Figure 10: Any antenatal care coverage trends in India’s higher mortality state cluster
Pooled analysis of NFHS1-5 and DLHS1-3

In addition to coverage improvements, evidence suggests that quality of ANC has also improved in India’s higher mortality cluster. To approximate quality of ANC, we employed an index that included nine components that generally reflect whether ANC was administered in a timely manner by a skilled provider who conducted key screenings, tests, and examinations as appropriate—collectively representing a maximum score of 13 points. Using that index, high-quality ANC (ANCq) was defined as ANC that satisfied at least 9 of the 13 points. The percentage of women in the higher mortality state cluster who received high-quality ANC improved from 15.4% in 1996 to 78.1% by 2018.2,3 High-quality ANC coverage also rapidly improved in the higher mortality Exemplar states. In 1996, Madhya Pradesh, Odisha, Rajasthan, and Uttar Pradesh had high-quality ANC coverage levels, respectively, of 21.0%, 32.5%, 17.3%, and 12.7%.2 By 2020, these states’ high-quality ANC coverage had respectively risen to 92.5%, 97.3%, 93.8%, and 83.5%.3

The higher mortality Exemplar states employed unique approaches to improve the quality of ANC, addressing context-specific issues they faced. For example, in Madhya Pradesh the Pre-Conception and Pre-Natal Diagnostic Techniques Act promoted access to ultrasounds.12 This policy aimed to ensure all pregnant women received one ultrasound between weeks 18 and 20 of pregnancy, and at least three ultrasounds during pregnancy.12 As a part of this policy, providers were empowered and financially incentivized to provide ultrasounds, with leaders promoting appropriate use of the procedure.12 Another higher mortality Exemplar state, Odisha, also promoted ultrasound use and emphasized the importance of having at least one antenatal care visit provided by a doctor. Odisha also instituted a system in which women were given a red card at an ANC visit if a provider noticed a factor that would qualify the pregnancy as higher risk. This card is then brought to all future health care visits throughout a woman’s pregnancy to more easily signify that a risk factor has already been identified.13

An auxiliary nurse midwife conducts an anemia test during an antenatal care visit at a Village Health and Nutrition Day in Uttar Pradesh.
An auxiliary nurse midwife conducts an anemia test during an antenatal care visit at a Village Health and Nutrition Day in Uttar Pradesh.
© Prashant Panjiar

Institutional delivery

In the RCH-II/NRHM policy period from 2005 to 2012, the central government placed a strong priority on promoting institutional delivery. The ASHA program and the Janani Suraksha Yojana (JSY) scheme complemented each other by facilitating community-level connection to the health system and mitigating financial barriers to delivery care.10 The higher mortality Exemplar states implemented several specific initiatives beyond these national-level programs that also contributed to institutional delivery progress.

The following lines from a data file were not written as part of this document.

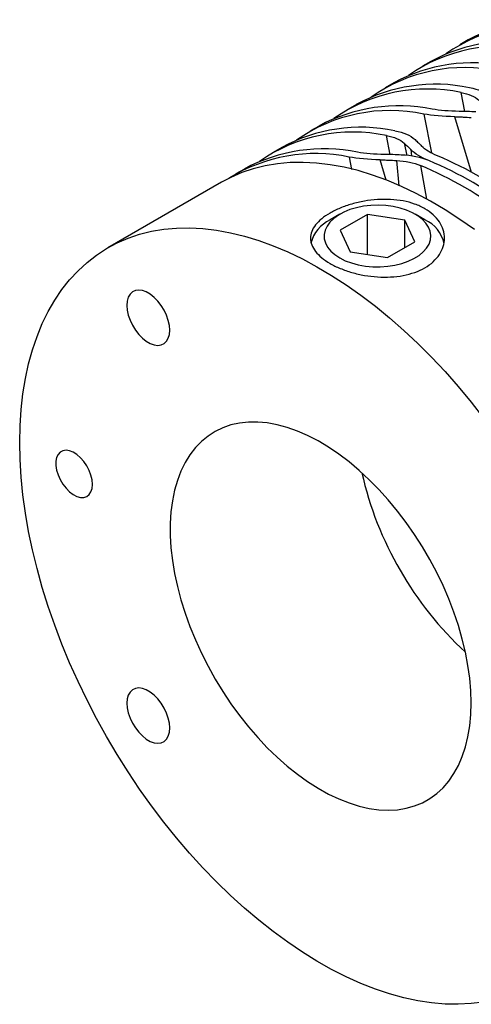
# Model space of a CAD drawing. Header units: inches. Extents: x 0.2 to 11, y 0 to 8.2.
# Tile 7 of 9: x 8.936 to 9.6, y 6.517 to 7.964. Entities that reach past the tile are written whole.
import ezdxf

# ---------------------------------------------------------------- set-up
doc = ezdxf.new("R2010")
doc.units = ezdxf.units.IN
doc.header["$MEASUREMENT"] = 0

msp = doc.modelspace()

# ---------------------------------------------------------------- linework, layer by layer
for p, q in [((9.5952, 7.9341), (9.5828, 7.9269)), ((9.5404, 7.9024), (9.528, 7.8953)), ((9.4856, 7.8708), (9.4732, 7.8637)), ((9.5902, 7.8287), (9.5847, 7.8567)), ((9.4308, 7.8392), (9.4184, 7.832)), ((9.5299, 7.8251), (9.5411, 7.7679)), ((9.5997, 7.7394), (9.5752, 7.8211)), ((9.376, 7.8075), (9.3636, 7.8004)), ((9.4806, 7.7654), (9.4751, 7.7935)), ((9.3212, 7.7759), (9.3088, 7.7687)), ((9.5009, 7.7822), (9.5049, 7.7642)), ((9.5106, 7.7729), (9.512, 7.7633)), ((9.4203, 7.7618), (9.4238, 7.7438)), ((9.4746, 7.7279), (9.4656, 7.7578)), ((9.4938, 7.7196), (9.49, 7.7568)), ((9.2664, 7.7443), (9.254, 7.7371)), ((9.525, 7.7494), (9.5338, 7.6999)), ((9.2328, 7.7249), (9.0659, 7.6285)), ((9.4064, 7.6778), (9.3922, 7.6696)), ((9.4471, 7.6774), (9.4069, 7.6542)), ((9.502, 7.669), (9.4471, 7.6774)), ((9.4471, 7.6186), (9.4471, 7.6774)), ((9.5314, 7.6696), (9.5173, 7.6778)), ((9.5167, 7.6373), (9.502, 7.669)), ((9.502, 7.6288), (9.502, 7.669)), ((9.4069, 7.6542), (9.4217, 7.6226)), ((9.4765, 7.6141), (9.5167, 7.6373)), ((9.4217, 7.6226), (9.4765, 7.6141))]:
    msp.add_line(p, q)
at = {"flags": 128}
for points in [[(9.6043, 7.6553), (9.5829, 7.6703), (9.5614, 7.6843), (9.5399, 7.697), (9.5184, 7.7085), (9.4969, 7.7188), (9.4756, 7.7278), (9.4544, 7.7355), (9.4335, 7.7419), (9.4128, 7.7469), (9.3924, 7.7507), (9.3724, 7.7531), (9.3528, 7.7541), (9.3337, 7.7538), (9.315, 7.7521), (9.297, 7.7491), (9.2794, 7.7447), (9.2626, 7.7391), (9.2464, 7.732), (9.2328, 7.7249)], [(9.4064, 7.6137), (9.4146, 7.6096), (9.4238, 7.6062), (9.4337, 7.6035), (9.4442, 7.6016), (9.455, 7.6007), (9.4659, 7.6005), (9.4768, 7.6013), (9.4874, 7.6029), (9.4974, 7.6054), (9.5068, 7.6087), (9.5153, 7.6126), (9.5228, 7.6173), (9.5291, 7.6224), (9.534, 7.6281), (9.5376, 7.634), (9.5397, 7.6402), (9.5402, 7.6465), (9.5393, 7.6528), (9.5368, 7.659), (9.5329, 7.6649), (9.5276, 7.6704), (9.521, 7.6755), (9.5133, 7.6799), (9.5045, 7.6837), (9.495, 7.6868), (9.4848, 7.6891), (9.4741, 7.6905), (9.4632, 7.691), (9.4523, 7.6907), (9.4415, 7.6895), (9.4312, 7.6874), (9.4214, 7.6846), (9.4125, 7.6809), (9.4045, 7.6766), (9.3976, 7.6717), (9.392, 7.6663), (9.3877, 7.6605), (9.3849, 7.6544), (9.3835, 7.6481), (9.3837, 7.6418), (9.3854, 7.6356), (9.3886, 7.6295), (9.3932, 7.6238), (9.3992, 7.6185), (9.4064, 7.6137)], [(8.9365, 7.3424), (8.937, 7.3669), (8.9385, 7.3908), (8.9412, 7.414), (8.9448, 7.4363), (8.9495, 7.4579), (8.9552, 7.4786), (8.9619, 7.4983), (8.9696, 7.5171), (8.9782, 7.5349), (8.9878, 7.5516), (8.9984, 7.5672), (9.0098, 7.5816), (9.0221, 7.5949), (9.0353, 7.607), (9.0493, 7.6178), (9.064, 7.6274), (9.0795, 7.6357), (9.0957, 7.6427), (9.1126, 7.6484), (9.1301, 7.6528), (9.1482, 7.6558), (9.1668, 7.6574), (9.186, 7.6578), (9.2056, 7.6567), (9.2256, 7.6543), (9.2459, 7.6506), (9.2666, 7.6455), (9.2876, 7.6391), (9.3087, 7.6314), (9.3301, 7.6224), (9.3515, 7.6122), (9.373, 7.6007), (9.3945, 7.5879), (9.416, 7.574), (9.4374, 7.5589), (9.4587, 7.5428), (9.4797, 7.5255), (9.5006, 7.5072), (9.5211, 7.4879), (9.5413, 7.4676), (9.5611, 7.4465), (9.5805, 7.4245), (9.5994, 7.4017), (9.6177, 7.3781)], [(9.1567, 7.5075), (9.1562, 7.5145), (9.1546, 7.5219), (9.152, 7.5294), (9.1485, 7.5368), (9.1442, 7.5438), (9.1393, 7.5501), (9.1339, 7.5557), (9.1282, 7.5602), (9.1223, 7.5636), (9.1166, 7.5656), (9.1112, 7.5663), (9.1063, 7.5657), (9.102, 7.5636), (9.0985, 7.5603), (9.0959, 7.5558), (9.0943, 7.5502), (9.0938, 7.5439), (9.0943, 7.5369), (9.0959, 7.5295), (9.0985, 7.522), (9.102, 7.5147), (9.1063, 7.5077), (9.1112, 7.5013), (9.1166, 7.4957), (9.1223, 7.4912), (9.1282, 7.4878), (9.1339, 7.4858), (9.1393, 7.4851), (9.1442, 7.4858), (9.1485, 7.4878), (9.152, 7.4911), (9.1546, 7.4956), (9.1562, 7.5012), (9.1567, 7.5075)], [(9.5994, 6.9597), (9.5988, 6.9776), (9.5973, 6.996), (9.5946, 7.0149), (9.591, 7.0341), (9.5863, 7.0536), (9.5807, 7.0732), (9.5741, 7.0929), (9.5665, 7.1125), (9.5581, 7.1321), (9.5488, 7.1514), (9.5386, 7.1704), (9.5278, 7.1891), (9.5162, 7.2072), (9.5039, 7.2248), (9.4911, 7.2417), (9.4777, 7.2579), (9.4638, 7.2732), (9.4496, 7.2877), (9.435, 7.3013), (9.4201, 7.3138), (9.405, 7.3252), (9.3898, 7.3355), (9.3746, 7.3446), (9.3593, 7.3525), (9.3442, 7.3591), (9.3292, 7.3644), (9.3145, 7.3684), (9.3, 7.3711), (9.286, 7.3724), (9.2723, 7.3723), (9.2592, 7.3709), (9.2467, 7.3682), (9.2347, 7.3641), (9.2235, 7.3587), (9.213, 7.3519), (9.2033, 7.344), (9.1944, 7.3348), (9.1864, 7.3244), (9.1793, 7.3129), (9.1732, 7.3003), (9.168, 7.2867), (9.1638, 7.2722), (9.1607, 7.2567), (9.1586, 7.2405), (9.1576, 7.2235), (9.1576, 7.2059), (9.1586, 7.1877), (9.1607, 7.1691), (9.1638, 7.15), (9.168, 7.1307), (9.1732, 7.1111), (9.1793, 7.0915), (9.1864, 7.0718), (9.1944, 7.0522), (9.2033, 7.0327), (9.213, 7.0135), (9.2235, 6.9947), (9.2347, 6.9763), (9.2467, 6.9584), (9.2592, 6.9412), (9.2723, 6.9246), (9.286, 6.9088), (9.3, 6.8939), (9.3145, 6.8799), (9.3292, 6.8669), (9.3442, 6.8549), (9.3593, 6.844), (9.3746, 6.8343), (9.3898, 6.8258), (9.405, 6.8186), (9.4201, 6.8126), (9.435, 6.8079), (9.4496, 6.8046), (9.4638, 6.8026), (9.4777, 6.802), (9.4911, 6.8027), (9.5039, 6.8048), (9.5162, 6.8082), (9.5278, 6.813), (9.5386, 6.819), (9.5488, 6.8264), (9.5581, 6.835), (9.5665, 6.8448), (9.5741, 6.8557), (9.5807, 6.8678), (9.5863, 6.8809), (9.591, 6.8949), (9.5946, 6.9099), (9.5973, 6.9258), (9.5988, 6.9424), (9.5994, 6.9597)], [(9.6177, 6.5201), (9.5994, 6.5177), (9.5805, 6.5167), (9.5611, 6.5171), (9.5413, 6.5188), (9.5211, 6.5219), (9.5006, 6.5263), (9.4797, 6.532), (9.4587, 6.5391), (9.4374, 6.5474), (9.416, 6.557), (9.3945, 6.5679), (9.373, 6.5801), (9.3515, 6.5934), (9.3301, 6.6079), (9.3087, 6.6235), (9.2876, 6.6402), (9.2666, 6.658), (9.2459, 6.6768), (9.2256, 6.6966), (9.2056, 6.7173), (9.186, 6.7389), (9.1668, 6.7613), (9.1482, 6.7845), (9.1301, 6.8084), (9.1126, 6.833), (9.0957, 6.8582), (9.0795, 6.8839), (9.064, 6.9101), (9.0493, 6.9367), (9.0353, 6.9637), (9.0221, 6.9909), (9.0098, 7.0184), (8.9984, 7.0461), (8.9878, 7.0738), (8.9782, 7.1016), (8.9696, 7.1294), (8.9619, 7.157), (8.9552, 7.1845), (8.9495, 7.2118), (8.9448, 7.2387), (8.9412, 7.2654), (8.9385, 7.2915), (8.937, 7.3172), (8.9365, 7.3424)], [(9.0432, 7.2807), (9.0427, 7.2873), (9.041, 7.2942), (9.0384, 7.3012), (9.0349, 7.3081), (9.0306, 7.3144), (9.0257, 7.32), (9.0204, 7.3246), (9.015, 7.328), (9.0096, 7.3302), (9.0045, 7.3309), (8.9999, 7.3303), (8.996, 7.3282), (8.9929, 7.3249), (8.9907, 7.3203), (8.9896, 7.3148), (8.9896, 7.3085), (8.9907, 7.3018), (8.9929, 7.2948), (8.996, 7.2878), (8.9999, 7.2812), (9.0045, 7.2752), (9.0096, 7.2701), (9.015, 7.266), (9.0204, 7.2632), (9.0257, 7.2618), (9.0306, 7.2617), (9.0349, 7.2631), (9.0384, 7.2658), (9.041, 7.2698), (9.0427, 7.2748), (9.0432, 7.2807)], [(9.1567, 6.9229), (9.1562, 6.9299), (9.1546, 6.9373), (9.152, 6.9447), (9.1485, 6.9521), (9.1442, 6.9591), (9.1393, 6.9655), (9.1339, 6.971), (9.1282, 6.9756), (9.1223, 6.9789), (9.1166, 6.981), (9.1112, 6.9817), (9.1063, 6.981), (9.102, 6.979), (9.0985, 6.9756), (9.0959, 6.9711), (9.0943, 6.9656), (9.0938, 6.9592), (9.0943, 6.9522), (9.0959, 6.9449), (9.0985, 6.9374), (9.102, 6.93), (9.1063, 6.923), (9.1112, 6.9166), (9.1166, 6.9111), (9.1223, 6.9066), (9.1282, 6.9032), (9.1339, 6.9011), (9.1393, 6.9004), (9.1442, 6.9011), (9.1485, 6.9032), (9.152, 6.9065), (9.1546, 6.911), (9.1562, 6.9165), (9.1567, 6.9229)]]:
    msp.add_lwpolyline(points, dxfattribs=at)
for centre, radius, start, end in [((9.7123, 7.7181), 0.2457, 78.4571, 118.4632), ((9.6996, 7.718), 0.2388, 78.0491, 125.0861), ((9.6572, 7.688), 0.2442, 78.3311, 118.5892), ((9.6448, 7.6864), 0.2388, 78.0491, 125.0861), ((9.59, 7.6547), 0.2388, 78.0491, 125.0861), ((9.6027, 7.6548), 0.2457, 78.4571, 118.4632), ((9.5352, 7.6231), 0.2388, 78.0491, 125.0861), ((9.5476, 7.6247), 0.2442, 78.3311, 118.5892), ((9.4804, 7.5915), 0.2388, 78.0491, 125.0861), ((9.4931, 7.5915), 0.2457, 78.4571, 118.4632), ((9.438, 7.5615), 0.2442, 78.3311, 118.5892), ((9.4256, 7.5598), 0.2388, 78.0491, 125.0861), ((9.3835, 7.5283), 0.2457, 78.4571, 118.4632), ((9.3708, 7.5261), 0.2409, 78.1417, 121.8647), ((9.3085, 7.2153), 0.5877, 52.9292, 67.0762), ((9.3209, 7.2224), 0.5877, 52.9292, 67.0762), ((9.2961, 7.2082), 0.5877, 52.9292, 67.0762), ((9.4157, 7.6214), 0.0536, 115.9624, 164.9465), ((9.5102, 7.6233), 0.051, 13.037, 65.3252), ((9.9401, 7.4115), 0.514, 192.7721, 227.2225)]:
    msp.add_arc(centre, radius, start, end)
for points in [[(9.597, 7.8639), (9.6097, 7.8617), (9.6198, 7.8572), (9.6266, 7.8507)], [(9.5847, 7.8567), (9.5958, 7.8548), (9.6046, 7.8509), (9.6105, 7.8455)], [(9.582, 7.829), (9.5669, 7.8292), (9.5533, 7.8303), (9.5422, 7.8323)], [(9.6063, 7.8282), (9.5982, 7.8286), (9.5901, 7.8289), (9.582, 7.829)], [(9.5752, 7.8211), (9.558, 7.8215), (9.5425, 7.8229), (9.5299, 7.8251)], [(9.4874, 7.8006), (9.5001, 7.7984), (9.5102, 7.7939), (9.517, 7.7875)], [(9.4751, 7.7935), (9.4862, 7.7916), (9.495, 7.7877), (9.5009, 7.7822)], [(9.5009, 7.7822), (9.5041, 7.7792), (9.5073, 7.7762), (9.5106, 7.7729)], [(9.5374, 7.7566), (9.5257, 7.7614), (9.5166, 7.7669), (9.5106, 7.7729)], [(9.5498, 7.7637), (9.5397, 7.7679), (9.5319, 7.7727), (9.5267, 7.778)], [(9.4656, 7.7578), (9.4484, 7.7582), (9.4329, 7.7597), (9.4203, 7.7618)], [(9.4724, 7.7657), (9.4573, 7.7659), (9.4437, 7.7671), (9.4326, 7.769)], [(9.4967, 7.7649), (9.4886, 7.7653), (9.4805, 7.7656), (9.4724, 7.7657)], [(9.49, 7.7568), (9.503, 7.7561), (9.515, 7.7536), (9.525, 7.7494)], [(9.5374, 7.7566), (9.5257, 7.7614), (9.5119, 7.7642), (9.4967, 7.7649)]]:
    msp.add_open_spline(points, degree=3)
for points, knots in [([(9.5752, 7.8211), (9.5773, 7.821), (9.5793, 7.821), (9.5814, 7.8209), (9.5834, 7.8209), (9.5855, 7.8208), (9.5875, 7.8207), (9.5916, 7.8205), (9.5956, 7.8203), (9.5996, 7.8201)], [0, 0, 0, 0, 0.0001723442, 0.0001723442, 0.0001723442, 0.0003446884, 0.0003446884, 0.0003446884, 0.0006803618, 0.0006803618, 0.0006803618, 0.0006803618]), ([(9.517, 7.7875), (9.5178, 7.7867), (9.5186, 7.7859), (9.5194, 7.7852), (9.5202, 7.7844), (9.5211, 7.7836), (9.5219, 7.7828), (9.5235, 7.7812), (9.5251, 7.7796), (9.5267, 7.778)], [0, 0, 0, 0, 0.0001723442, 0.0001723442, 0.0001723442, 0.0003446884, 0.0003446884, 0.0003446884, 0.0006803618, 0.0006803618, 0.0006803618, 0.0006803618]), ([(9.4656, 7.7578), (9.4677, 7.7578), (9.4697, 7.7577), (9.4718, 7.7576), (9.4738, 7.7576), (9.4759, 7.7575), (9.4779, 7.7574), (9.482, 7.7573), (9.486, 7.7571), (9.49, 7.7568)], [0, 0, 0, 0, 0.0001723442, 0.0001723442, 0.0001723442, 0.0003446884, 0.0003446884, 0.0003446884, 0.0006803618, 0.0006803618, 0.0006803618, 0.0006803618]), ([(9.3922, 7.6056), (9.3876, 7.6082), (9.3836, 7.611), (9.3764, 7.6169), (9.3733, 7.62), (9.3684, 7.6263), (9.3666, 7.6294), (9.364, 7.636), (9.3634, 7.6393), (9.3634, 7.6459), (9.364, 7.6491), (9.3665, 7.6557), (9.3684, 7.6589), (9.3733, 7.6652), (9.3764, 7.6682), (9.3836, 7.6741), (9.3876, 7.6769), (9.3967, 7.6822), (9.4018, 7.6846), (9.4125, 7.6891), (9.4182, 7.6911), (9.4301, 7.6945), (9.4363, 7.696), (9.4489, 7.6982), (9.4553, 7.699), (9.4683, 7.6998), (9.4746, 7.6999), (9.4872, 7.6992), (9.4935, 7.6985), (9.5054, 7.6962), (9.511, 7.6947), (9.5218, 7.6909), (9.5268, 7.6886), (9.536, 7.6833), (9.5401, 7.6803), (9.5472, 7.6738), (9.5503, 7.6703), (9.5553, 7.6628), (9.5571, 7.6589), (9.5596, 7.6509), (9.5603, 7.6467), (9.5603, 7.6385), (9.5596, 7.6344), (9.5571, 7.6263), (9.5552, 7.6223), (9.5503, 7.6149), (9.5473, 7.6114), (9.5401, 7.6048), (9.536, 7.6019), (9.5269, 7.5966), (9.5219, 7.5943), (9.5112, 7.5905), (9.5055, 7.589), (9.4936, 7.5867), (9.4873, 7.586), (9.4748, 7.5853), (9.4684, 7.5853), (9.4554, 7.5862), (9.449, 7.587), (9.4365, 7.5891), (9.4302, 7.5906), (9.4183, 7.594), (9.4126, 7.596), (9.4019, 7.6004), (9.3968, 7.6029), (9.3922, 7.6056)], [0, 0, 0, 0, 0.03125, 0.03125, 0.0625, 0.0625, 0.09375, 0.09375, 0.125, 0.125, 0.15625, 0.15625, 0.1875, 0.1875, 0.21875, 0.21875, 0.25, 0.25, 0.28125, 0.28125, 0.3125, 0.3125, 0.34375, 0.34375, 0.375, 0.375, 0.40625, 0.40625, 0.4375, 0.4375, 0.46875, 0.46875, 0.5, 0.5, 0.53125, 0.53125, 0.5625, 0.5625, 0.59375, 0.59375, 0.625, 0.625, 0.65625, 0.65625, 0.6875, 0.6875, 0.71875, 0.71875, 0.75, 0.75, 0.78125, 0.78125, 0.8125, 0.8125, 0.84375, 0.84375, 0.875, 0.875, 0.90625, 0.90625, 0.9375, 0.9375, 0.96875, 0.96875, 1, 1, 1, 1])]:
    msp.add_open_spline(points, degree=3, knots=knots)

doc.saveas('drawing.dxf')

For example, Odisha introduced maternity waiting homes—known as Maa Gruha—in hard-to-reach areas. Women were encouraged to come to the homes two weeks before the estimated day of delivery and receive antenatal care, food, and housing. This initiative was intended to mitigate physical and logistic barriers to accessing care nearer to the time of delivery, and has spread throughout rural areas of the state.14

Rajasthan implemented a policy referred to as Prasav Sakhi, which allowed all women to have a birth companion with them during delivery in facilities. This companion could be any other woman who had already experienced childbirth, with the facility mandated to provide a gown and mask for this companion.15

Recently, Madhya Pradesh instituted a scheme called Mukhya Mantri Shramik Seva (Prasuti Sahayata) Yojana, which entitled women to additional financial incentives if they received antenatal care, had an institutional delivery, and ensured their child was breastfed early and received necessary first vaccinations. This program serves as a state-specific augmentation of the national-level conditional cash transfer initiatives, meant to further spur utilization of maternal care, especially institutional delivery.16

Staff nurses in the labor room of a primary health center in rural Madhya Pradesh.
Staff nurses in the labor room of a primary health center in rural Madhya Pradesh.
© Prashant Panjiar

Below, Figure 11 shows trends in institutional delivery rates among higher mortality Exemplar states and the higher mortality state cluster overall. Between 2000 and 2018, the institutional delivery rate in India improved from 41.0% to 89.9%.2,3 The original gaps between the higher mortality state cluster and India nationally narrowed substantially thanks to accelerated progress among higher mortality states especially during the RCH-II/NRHM period. The AARC of 13.2% for institutional delivery rate in the higher mortality state cluster during the 2005 to 2012 RCH-II/NRHM period was almost twice as fast as the progress experienced during any other policy period.7,8,9 As of 2020, the institutional delivery rates in the higher mortality Exemplar states of Madhya Pradesh, Odisha, Rajasthan, and Uttar Pradesh were, respectively, 91.7%, 92.1%, 96.3%, and 87.8%.3

Figure 11: Institutional delivery trends in India’s higher mortality state cluster

Figure 11: Institutional delivery trends in India’s higher mortality state cluster
Pooled analysis of NFHS1-5 and DLHS1-3

While institutional delivery rates in the higher mortality state cluster have increased dramatically in recent decades, more than half of these deliveries are in lower-level health facilities. As of the 2019–2021 NFHS, 59.3%, 55.4%, 57.9%, and 51.8% of institutional deliveries in Madhya Pradesh, Odisha, Rajasthan, and Uttar Pradesh, respectively, occurred in lower-level health facilities.3 The higher mortality Exemplar states have implemented several measures to improve quality of care at these facilities.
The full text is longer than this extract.